Surviving The Speech

For those who cannot drink during your SOTU house party, and therefore will not be able to participate in the "freedom 'n liberty drinking game", our good friend South Knox Bubba has another approach. Good works.

Personally, I plan to do both, and maybe a little drunk blogging as well. There's no way in hell I can get through that mush without a little help from Demon Rum.

Here's something to think about, however. This is the first speech done by Bush's new speechwriter William McGurn. David Kushnet wrote about him in TNR recently:

As president Bush begins his second term, he's likely to sound less affable and more argumentative, reflecting the rhetoric of a new chief speechwriter who has constantly criticized the American Catholic clergy for being too tough on capitalism and too soft on abortion.

[...]

Gerson made Bush sound like a preacher, but McGurn made his name as a polemicist. He's a Catholic conservative, with a distinctive intellectual pedigree. Liberal Catholics such as E. J. Dionne and even some conservative Catholics such as Pat Buchanan have criticized capitalism's excesses for weakening families and communities. But McGurn favors free trade, opposes even the most basic regulations of corporate conduct, and has harsh words for an American labor movement that the Catholic Church has historically supported. McGurn's allies appear to be the late Treasury Secretary William Simon and the theologian Michael Novak, both of whom thought the U.S. Catholic Bishops were too favorably disposed toward the government's role in regulating the economy and assisting the poor.

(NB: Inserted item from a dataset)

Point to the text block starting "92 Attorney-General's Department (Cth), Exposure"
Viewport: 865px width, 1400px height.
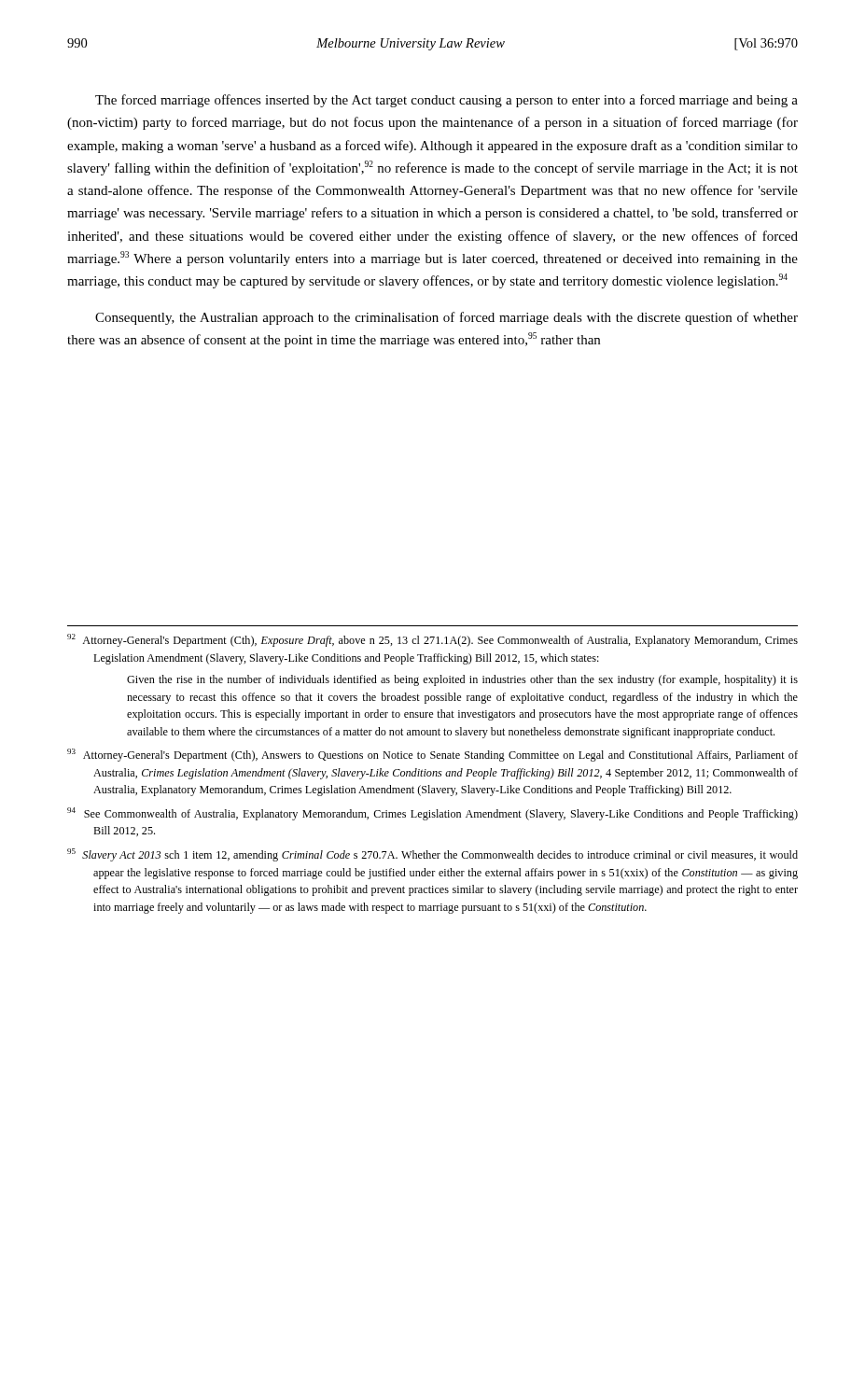click(432, 686)

When he writes under his own byline, McGurn's views on economics are just as conservative as, and even more quirky than, The Wall Street Journal's unsigned editorials. In 2003, he and liberal economist Rebecca Blank coauthored a debate titled, Is the Market Moral?, which was published by the Brookings Institution. In the book, McGurn compares the thriving free-market economy of Hong Kong, where he once worked as a reporter, with the regimentation of old-style Chinese Communism. He contends that capitalism not only creates wealth but also rewards good behavior because it "depends on virtues--self-restraint, honesty, courage, diligence, the willingness to defer gratification." Presenting himself as both an economic realist and a conservative moralist, McGurn concludes that the best way to make sure that the economy advances social goals is not through government regulation but rather by changing corporate culture. He suggests that moral suasion can discourage executives from cooking their books, exploiting their workers, or despoiling the environment.


Bring it on, baby. We'll run Elliot Spitzer against Ken Lay.

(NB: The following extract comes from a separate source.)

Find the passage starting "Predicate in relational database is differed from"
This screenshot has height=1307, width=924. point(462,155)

Displaying talents that will serve him well as a presidential speechwriter, McGurn's style is eloquent, simple--and slippery. He makes the case against communism, socialism, and the most heavy-handed forms of government regulation in this country; but he also criticizes programs that have existed since the New Deal and have been accepted by Republican as well as Democratic presidents: the minimum wage, job safety standards, environmental protection, and American opposition to child labor overseas. He explains his skepticism about public institutions by citing three of the least popular: welfare as we used to know it, the post office, and urban public schools. While acknowledging that his views contradict many Catholic social teachings, he repeatedly refers to Pope John Paul II to support his arguments, even though the Pope seems to support a much more regulated kind of capitalism than McGurn. And McGurn has also published pieces differing with the Pope's opposition to the war in Iraq and criticizing Archbishop Renato Martino, head of the Pontifical Council for Peace and Justice, for saying that there is no such thing as a just war anymore.

[...]

Like Gerson, McGurn is a graceful writer, capable of crafting clear and original prose. But unlike Gerson, McGurn is also a brawler who loves to take hard shots at his adversaries and even his allies. He attacked Louisiana Senator Mary Landrieu for opposing school vouchers but sending her own kids to private schools. He told the Denver Archdiocese, "On the great issue of life, the bishops failed America's unborn children at about the same time they were failing the living American children molested by the priests under their charge."

So while Gerson's rhetoric soothed, McGurn's will singe. Writing in The Wall Street Journal five years ago, John Fund credited McGurn with this "iron law of politics": "Conservatives win by clarifying issues, liberals by fudging them." Maybe so, but George W. Bush--and Ronald Reagan before him--made warm-hearted arguments for policies that Americans might otherwise have rejected as hard-hearted. Bush couldn't ask for a writer who's less likely to fudge distinctions than McGurn. Now let's see if Bush benefits from clarity.


"Conservatives win by clarifying issues, liberals by fudging them."

Yeah. Tell it to Frank Luntz. That's why we are going to hear all about "personalizing" your retirement tonight instead of privatizing social security. They're "clarifying" the issue.

This could be good. If McGurn has Bush coming out swinging this term it could end up being the Newt Gingrich Story, Part II. Without all those nice little sermons, George W. Bush is a pinched, mean man and it shows. I have a feeling that McGurn may just bring out the real him.